#### RECORDS FOR THE EXERCISE ####

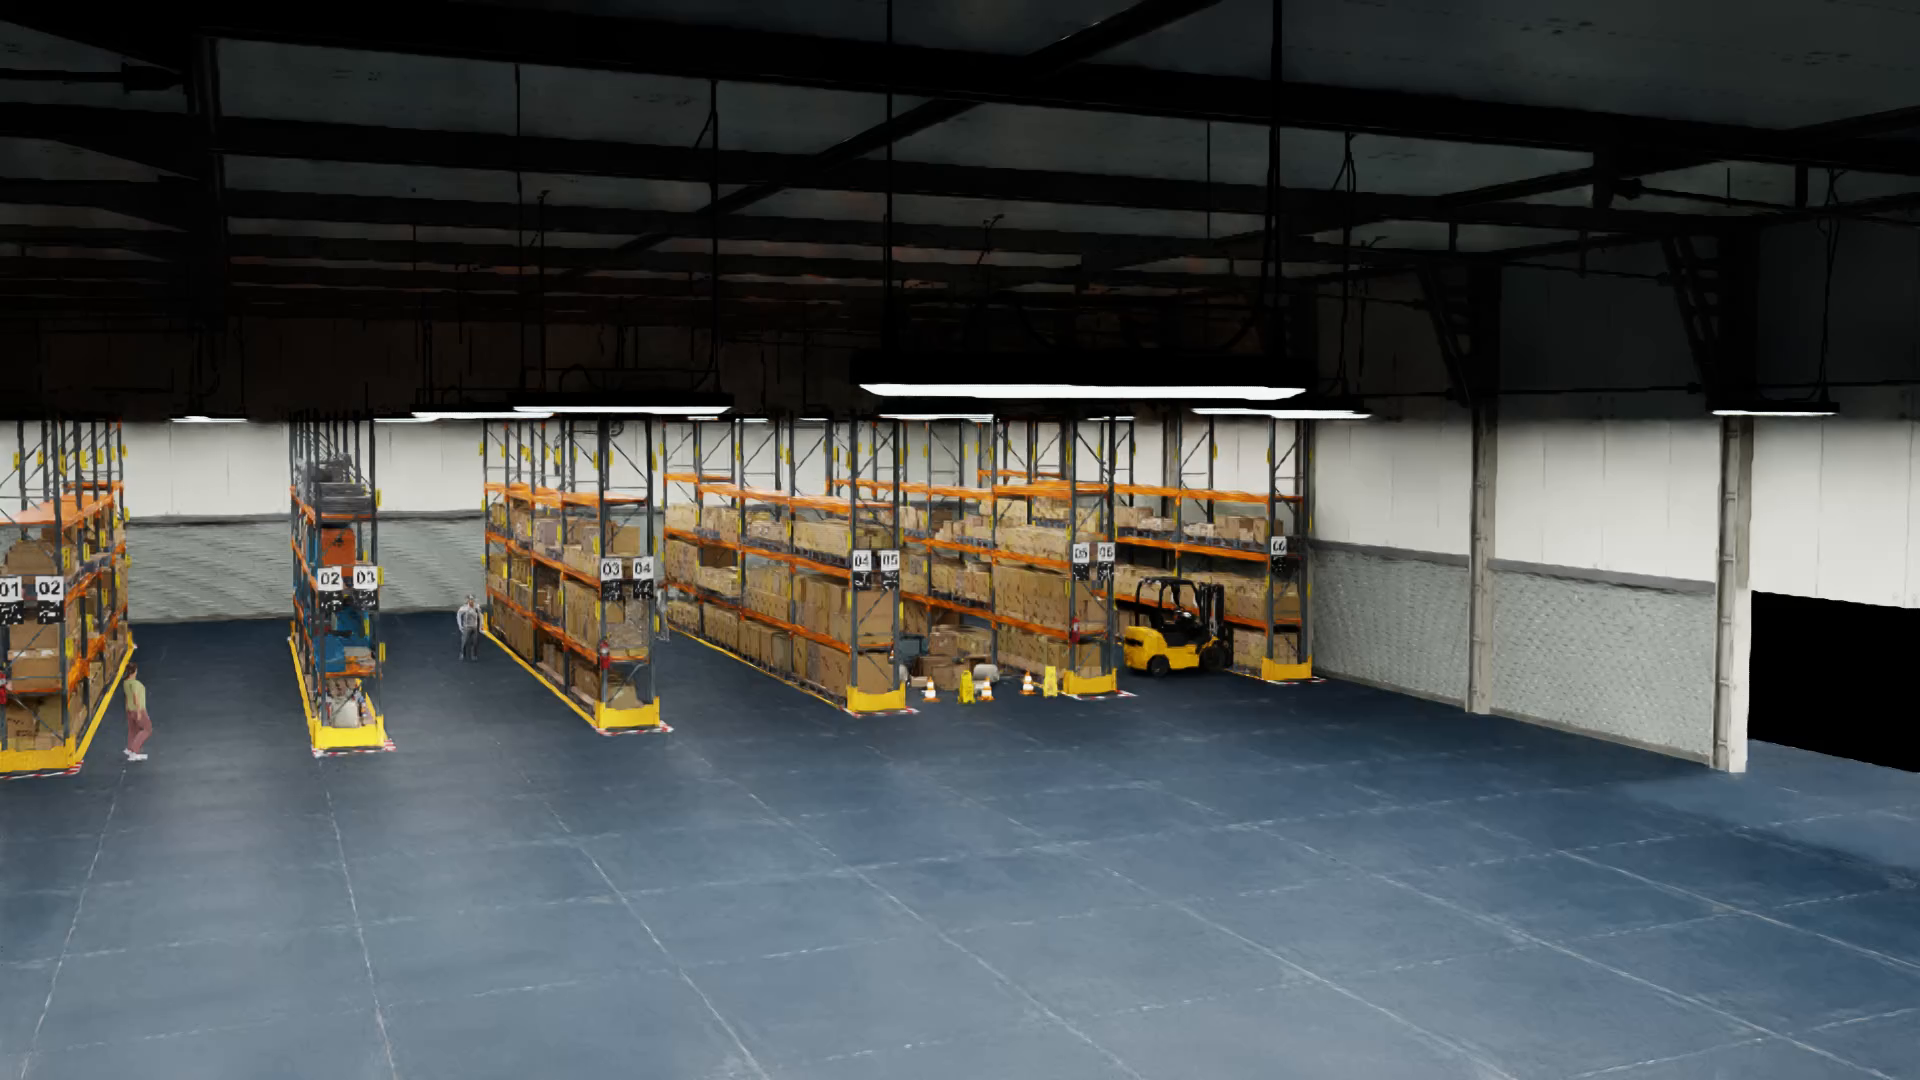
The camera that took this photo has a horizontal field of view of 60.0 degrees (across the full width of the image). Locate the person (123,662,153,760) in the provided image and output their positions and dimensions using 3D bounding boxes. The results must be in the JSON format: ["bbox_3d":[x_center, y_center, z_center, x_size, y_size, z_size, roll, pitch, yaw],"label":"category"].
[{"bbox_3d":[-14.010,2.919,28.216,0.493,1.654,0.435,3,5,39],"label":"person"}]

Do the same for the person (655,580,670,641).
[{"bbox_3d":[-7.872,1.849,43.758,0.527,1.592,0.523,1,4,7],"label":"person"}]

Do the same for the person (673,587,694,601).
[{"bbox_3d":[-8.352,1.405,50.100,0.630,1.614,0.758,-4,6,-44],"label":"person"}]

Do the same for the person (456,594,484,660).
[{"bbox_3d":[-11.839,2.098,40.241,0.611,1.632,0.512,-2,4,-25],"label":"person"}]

####
#### RECORDS FOR THE EXERCISE ####

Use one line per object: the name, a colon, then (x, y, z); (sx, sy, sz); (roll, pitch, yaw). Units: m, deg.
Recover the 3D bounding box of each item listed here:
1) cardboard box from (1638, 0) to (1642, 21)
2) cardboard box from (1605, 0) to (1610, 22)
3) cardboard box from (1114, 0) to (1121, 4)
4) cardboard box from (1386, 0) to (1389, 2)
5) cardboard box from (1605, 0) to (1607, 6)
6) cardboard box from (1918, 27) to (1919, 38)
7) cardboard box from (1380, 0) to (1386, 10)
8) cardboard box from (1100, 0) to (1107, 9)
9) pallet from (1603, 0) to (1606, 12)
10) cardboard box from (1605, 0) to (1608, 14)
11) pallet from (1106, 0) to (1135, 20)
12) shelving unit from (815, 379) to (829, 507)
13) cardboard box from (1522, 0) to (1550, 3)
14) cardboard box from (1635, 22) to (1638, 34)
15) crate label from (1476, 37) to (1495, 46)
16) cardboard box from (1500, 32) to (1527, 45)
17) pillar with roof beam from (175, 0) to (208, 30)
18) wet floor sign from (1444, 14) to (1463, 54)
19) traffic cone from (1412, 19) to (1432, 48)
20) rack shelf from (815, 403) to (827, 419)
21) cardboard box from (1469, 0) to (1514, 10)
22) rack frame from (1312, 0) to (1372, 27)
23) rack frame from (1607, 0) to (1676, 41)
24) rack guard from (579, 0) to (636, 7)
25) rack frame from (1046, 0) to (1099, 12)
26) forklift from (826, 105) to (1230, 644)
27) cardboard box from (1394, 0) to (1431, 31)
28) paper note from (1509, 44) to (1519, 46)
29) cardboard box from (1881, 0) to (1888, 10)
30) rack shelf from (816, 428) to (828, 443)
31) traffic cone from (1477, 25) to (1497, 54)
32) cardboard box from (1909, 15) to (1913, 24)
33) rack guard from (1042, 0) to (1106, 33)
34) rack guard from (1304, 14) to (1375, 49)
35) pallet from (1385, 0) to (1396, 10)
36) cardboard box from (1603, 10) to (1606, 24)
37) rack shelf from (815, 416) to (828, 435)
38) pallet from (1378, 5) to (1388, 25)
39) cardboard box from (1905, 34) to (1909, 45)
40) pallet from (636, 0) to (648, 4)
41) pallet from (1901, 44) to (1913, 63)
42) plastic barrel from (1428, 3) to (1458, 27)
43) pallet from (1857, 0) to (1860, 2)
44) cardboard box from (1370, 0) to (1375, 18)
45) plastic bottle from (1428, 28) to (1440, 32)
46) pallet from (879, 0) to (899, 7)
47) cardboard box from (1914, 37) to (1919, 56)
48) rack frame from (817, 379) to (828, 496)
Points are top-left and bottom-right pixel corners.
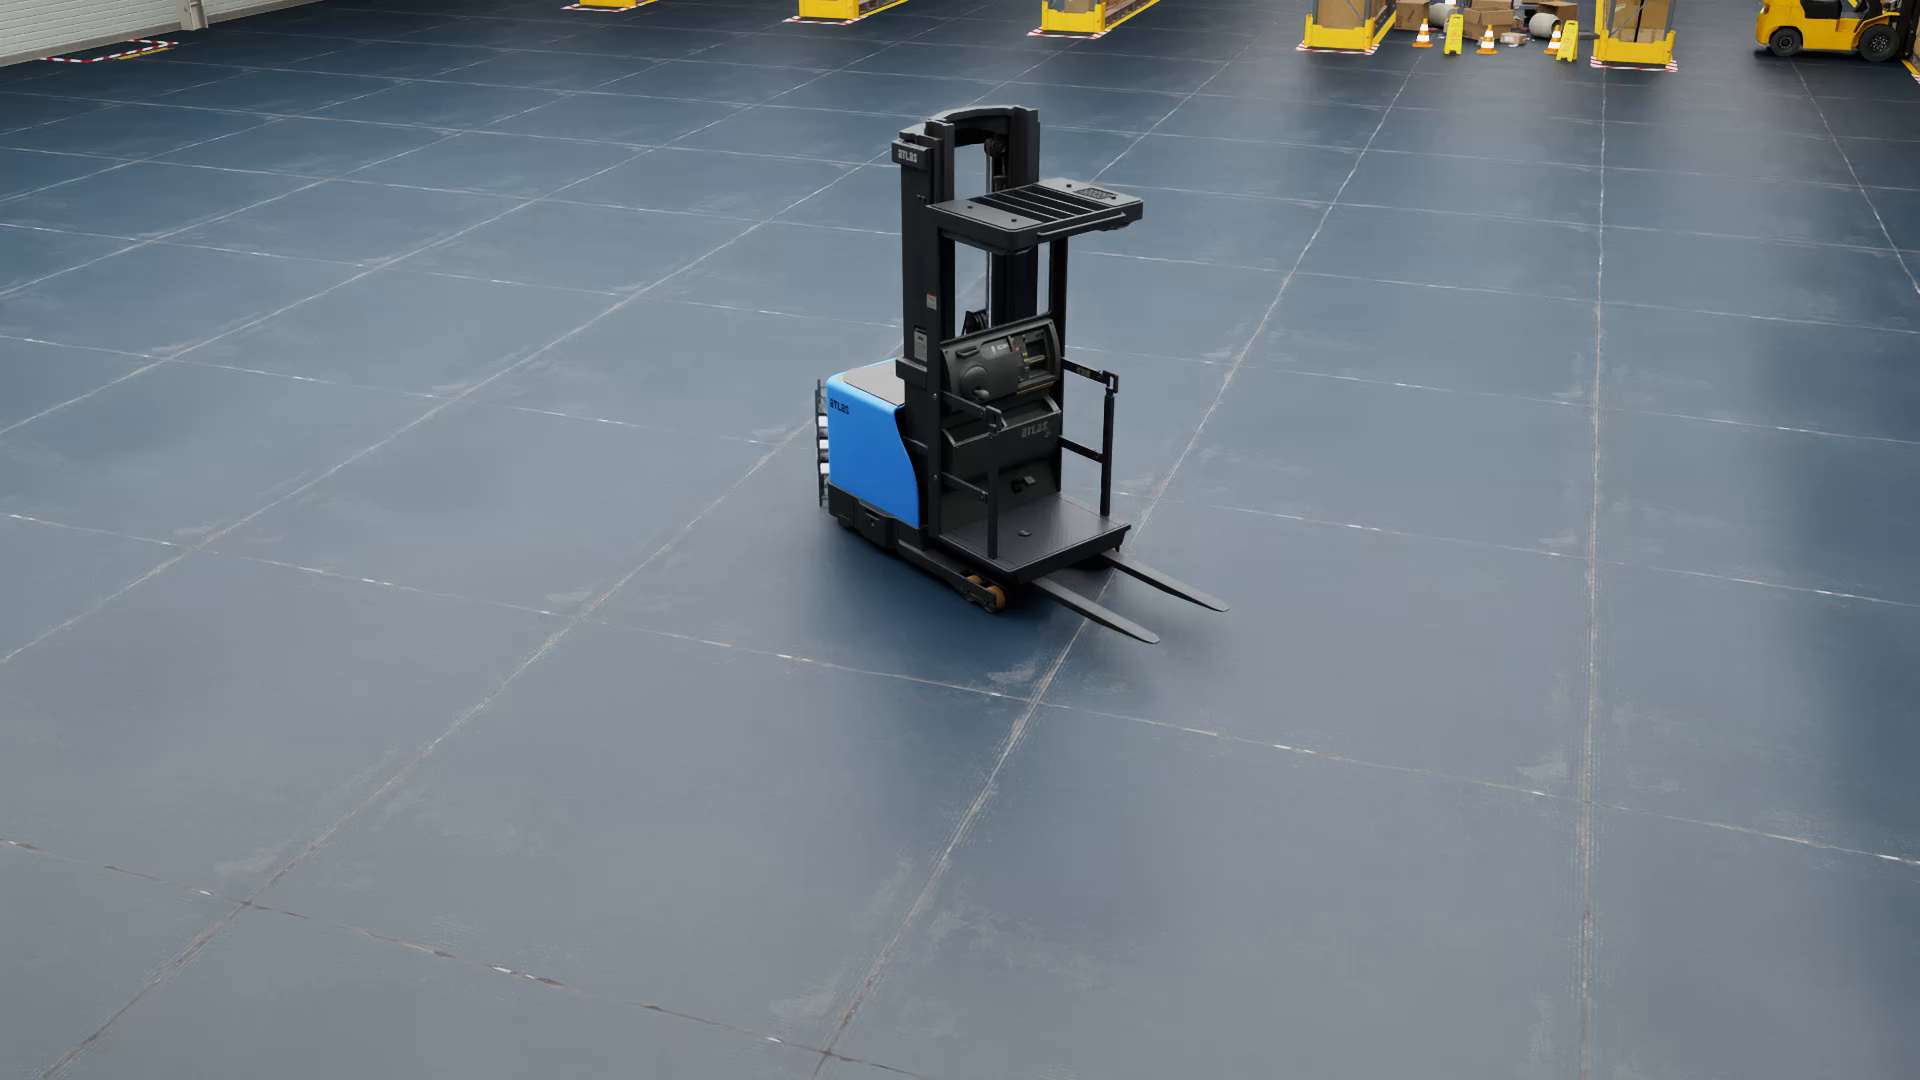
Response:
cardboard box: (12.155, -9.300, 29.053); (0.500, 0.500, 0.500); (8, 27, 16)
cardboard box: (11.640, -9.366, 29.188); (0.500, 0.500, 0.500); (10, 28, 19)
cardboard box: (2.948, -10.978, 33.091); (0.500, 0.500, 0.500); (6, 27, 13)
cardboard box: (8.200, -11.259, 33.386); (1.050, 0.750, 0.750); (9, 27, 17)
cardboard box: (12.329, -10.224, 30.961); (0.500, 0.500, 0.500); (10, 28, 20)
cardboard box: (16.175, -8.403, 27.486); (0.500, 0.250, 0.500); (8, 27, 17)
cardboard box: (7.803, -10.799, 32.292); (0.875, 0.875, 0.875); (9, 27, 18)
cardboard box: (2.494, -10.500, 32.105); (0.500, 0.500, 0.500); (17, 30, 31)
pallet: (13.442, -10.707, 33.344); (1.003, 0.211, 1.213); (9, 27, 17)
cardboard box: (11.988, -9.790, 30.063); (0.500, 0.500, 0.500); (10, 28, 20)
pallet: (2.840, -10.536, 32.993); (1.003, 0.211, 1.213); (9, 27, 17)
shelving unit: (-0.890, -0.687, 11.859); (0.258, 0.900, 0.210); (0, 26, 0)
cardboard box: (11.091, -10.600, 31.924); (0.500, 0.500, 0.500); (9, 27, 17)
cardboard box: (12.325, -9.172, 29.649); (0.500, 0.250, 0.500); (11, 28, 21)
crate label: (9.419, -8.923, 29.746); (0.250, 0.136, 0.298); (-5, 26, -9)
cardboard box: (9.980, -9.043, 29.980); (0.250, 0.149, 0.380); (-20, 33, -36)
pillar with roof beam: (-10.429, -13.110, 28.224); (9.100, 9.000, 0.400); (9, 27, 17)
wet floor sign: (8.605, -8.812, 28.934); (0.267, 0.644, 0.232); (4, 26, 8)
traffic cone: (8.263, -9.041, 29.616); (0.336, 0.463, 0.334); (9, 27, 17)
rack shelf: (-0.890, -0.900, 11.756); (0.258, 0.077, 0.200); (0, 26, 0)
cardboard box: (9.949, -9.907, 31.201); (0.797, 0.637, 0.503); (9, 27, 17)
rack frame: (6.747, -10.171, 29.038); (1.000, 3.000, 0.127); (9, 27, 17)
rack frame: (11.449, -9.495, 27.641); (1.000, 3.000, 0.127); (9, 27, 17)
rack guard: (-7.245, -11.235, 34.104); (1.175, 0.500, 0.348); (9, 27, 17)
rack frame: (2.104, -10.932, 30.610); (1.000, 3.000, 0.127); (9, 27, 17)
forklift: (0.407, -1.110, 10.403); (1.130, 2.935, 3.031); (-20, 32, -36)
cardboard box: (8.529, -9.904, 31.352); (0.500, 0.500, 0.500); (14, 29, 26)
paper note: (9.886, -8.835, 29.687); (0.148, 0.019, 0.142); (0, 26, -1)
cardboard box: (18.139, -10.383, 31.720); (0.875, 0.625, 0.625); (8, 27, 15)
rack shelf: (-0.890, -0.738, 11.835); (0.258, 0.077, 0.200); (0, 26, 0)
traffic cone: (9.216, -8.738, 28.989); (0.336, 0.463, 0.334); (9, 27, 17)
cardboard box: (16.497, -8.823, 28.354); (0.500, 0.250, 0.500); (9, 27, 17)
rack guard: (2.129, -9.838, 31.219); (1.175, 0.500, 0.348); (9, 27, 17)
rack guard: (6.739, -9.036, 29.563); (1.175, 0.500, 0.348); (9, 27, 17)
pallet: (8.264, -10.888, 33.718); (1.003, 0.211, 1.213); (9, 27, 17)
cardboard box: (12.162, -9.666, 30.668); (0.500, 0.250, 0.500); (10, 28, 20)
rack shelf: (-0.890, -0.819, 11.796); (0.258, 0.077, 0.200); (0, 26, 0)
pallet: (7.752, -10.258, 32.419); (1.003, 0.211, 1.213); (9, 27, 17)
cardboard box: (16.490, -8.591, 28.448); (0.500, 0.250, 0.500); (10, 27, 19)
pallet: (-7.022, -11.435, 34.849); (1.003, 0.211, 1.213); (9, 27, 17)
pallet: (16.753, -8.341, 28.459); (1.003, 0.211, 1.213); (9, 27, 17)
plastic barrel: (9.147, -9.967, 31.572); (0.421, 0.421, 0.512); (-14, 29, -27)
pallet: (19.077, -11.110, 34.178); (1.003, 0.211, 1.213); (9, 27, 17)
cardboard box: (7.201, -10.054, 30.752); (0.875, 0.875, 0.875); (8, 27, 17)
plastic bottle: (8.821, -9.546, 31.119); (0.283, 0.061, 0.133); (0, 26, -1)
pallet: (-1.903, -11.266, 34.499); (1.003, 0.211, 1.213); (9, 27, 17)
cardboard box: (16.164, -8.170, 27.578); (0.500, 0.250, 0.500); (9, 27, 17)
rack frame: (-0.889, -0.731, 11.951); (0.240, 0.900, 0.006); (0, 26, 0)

####

» **TASK OBJECTIVE**: Nothing should appear in the answer except the lines above from the line with "Recover the 3D" through the line with "14) cardboard box", both included, written out exactly.

» **TASK RESPONSE**:
Recover the 3D bounding box of each item listed here:
1) cardboard box from (1638, 0) to (1642, 21)
2) cardboard box from (1605, 0) to (1610, 22)
3) cardboard box from (1114, 0) to (1121, 4)
4) cardboard box from (1386, 0) to (1389, 2)
5) cardboard box from (1605, 0) to (1607, 6)
6) cardboard box from (1918, 27) to (1919, 38)
7) cardboard box from (1380, 0) to (1386, 10)
8) cardboard box from (1100, 0) to (1107, 9)
9) pallet from (1603, 0) to (1606, 12)
10) cardboard box from (1605, 0) to (1608, 14)
11) pallet from (1106, 0) to (1135, 20)
12) shelving unit from (815, 379) to (829, 507)
13) cardboard box from (1522, 0) to (1550, 3)
14) cardboard box from (1635, 22) to (1638, 34)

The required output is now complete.